Он молча подвинулся, откинув одеяло. Сашка забралась в кровать и, подсунув изгиб локтя под подушку, свернулась у брата под боком. Её длинные волосы, стекая на одну сторону, руслом реки прочертили холм стёганого школьного одеяла. Юра почувствовал рядом знакомое тепло её тела, и что-то внутри сразу с беззвучным щелчком стало на место. Свет за шторами больше не беспокоил, сопение Славы не раздражало. Он повернулся набок, лицом к сестре, и уткнулся лбом ей в макушку, как они всегда спали в детстве. Сашка уже уснула, и туман в его голове сгущался. В тумане плавала сирена, плеща на него золотым хвостом и требуя достать ей шубу из лисы. Юра сделал выкройки и с огромной иглой в руках принялся гоняться за Накамурой. Наконец-то он поймал его на втором этаже, в ходе за зеркалом, но когда Юра принялся трясти его и спрашивать, куда он дел свой мех, Накамура превратился в Поклёпа в розовой шляпке Недолеченной Дамы и начал швыряться в Юру ножами. Ножи пролетали сквозь него, но было почему-то не больно, а щекотно. Юра так удивился этому обстоятельству, что проснулся.

Открыв глаза, он понял, что щекотала его Сашка. За отдёрнутыми шторами плыло пасмурное утро и кружились снежинки, а по одеялу, нюхая носом всё подряд, топтался тяжёлыми лапами Контрабандный.

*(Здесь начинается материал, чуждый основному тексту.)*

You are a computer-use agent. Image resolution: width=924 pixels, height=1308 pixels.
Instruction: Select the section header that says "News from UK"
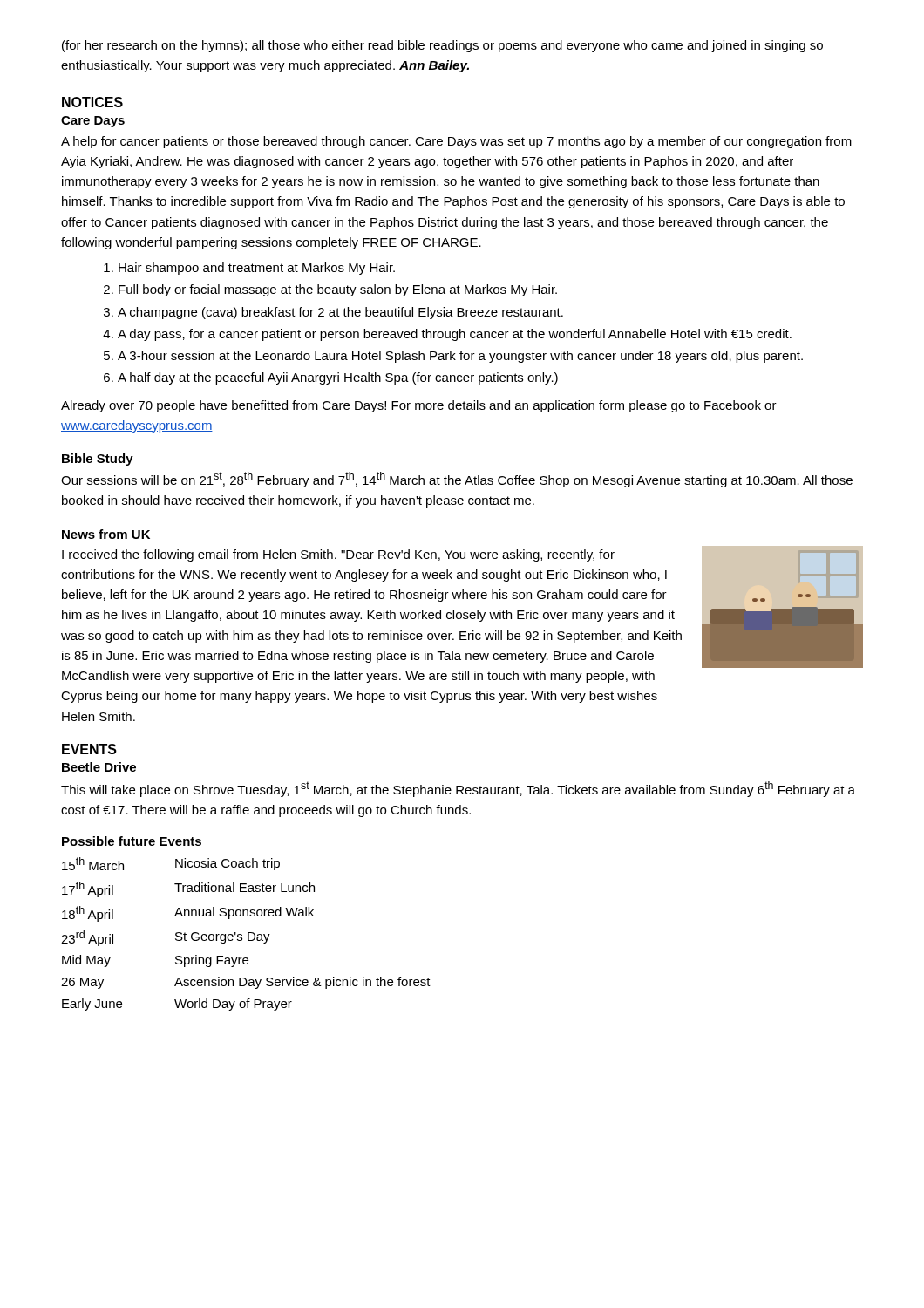coord(106,534)

Слава, за пять лет соседства привыкший к заморочкам близнецов, зевая, натягивал на майку свитер и что-то такое рассказывал сидящей в кровати Сашке, от чего ей было весело, но что — Юра никак не мог уловить спросонья. Первая фраза, качественно обработанная его мозгом в это утро, гласила:

— …И она вылила мне этот кофе на голову!

Сашка рассмеялась.

====== День всех душевнобольных ======

Я знаю, что обещала сегодня раскрыть огромный секрет, но не сделала этого. Но разве не в этом суть дня влюблённых: разбитые мечты, задетые чувства, разрушенные отношения. Этот день полон сокрушительных разочарований. Так легко воспользоваться уязвимостью и одиночеством. Когда кто-то продолжает чахнуть от неразделённой любви, другие не могут отделаться от чувства, что их жестоко обманули... И хотя хотелось бы верить, что дни Валентина обычно хорошо заканчиваются, все мы знаем, что чаще всего они заканчиваются разбитыми сердцами.

(с) Сплетница

Софья оказалась права. В ту же ночь на море разыгрался шторм, который не утихал всю последующую неделю, вплоть до четверга. Вместе с невозможностью дозваться до Ламары обстоятельства любезно дарили Бейбарсовым отсрочку и время на составление генерального плана действий.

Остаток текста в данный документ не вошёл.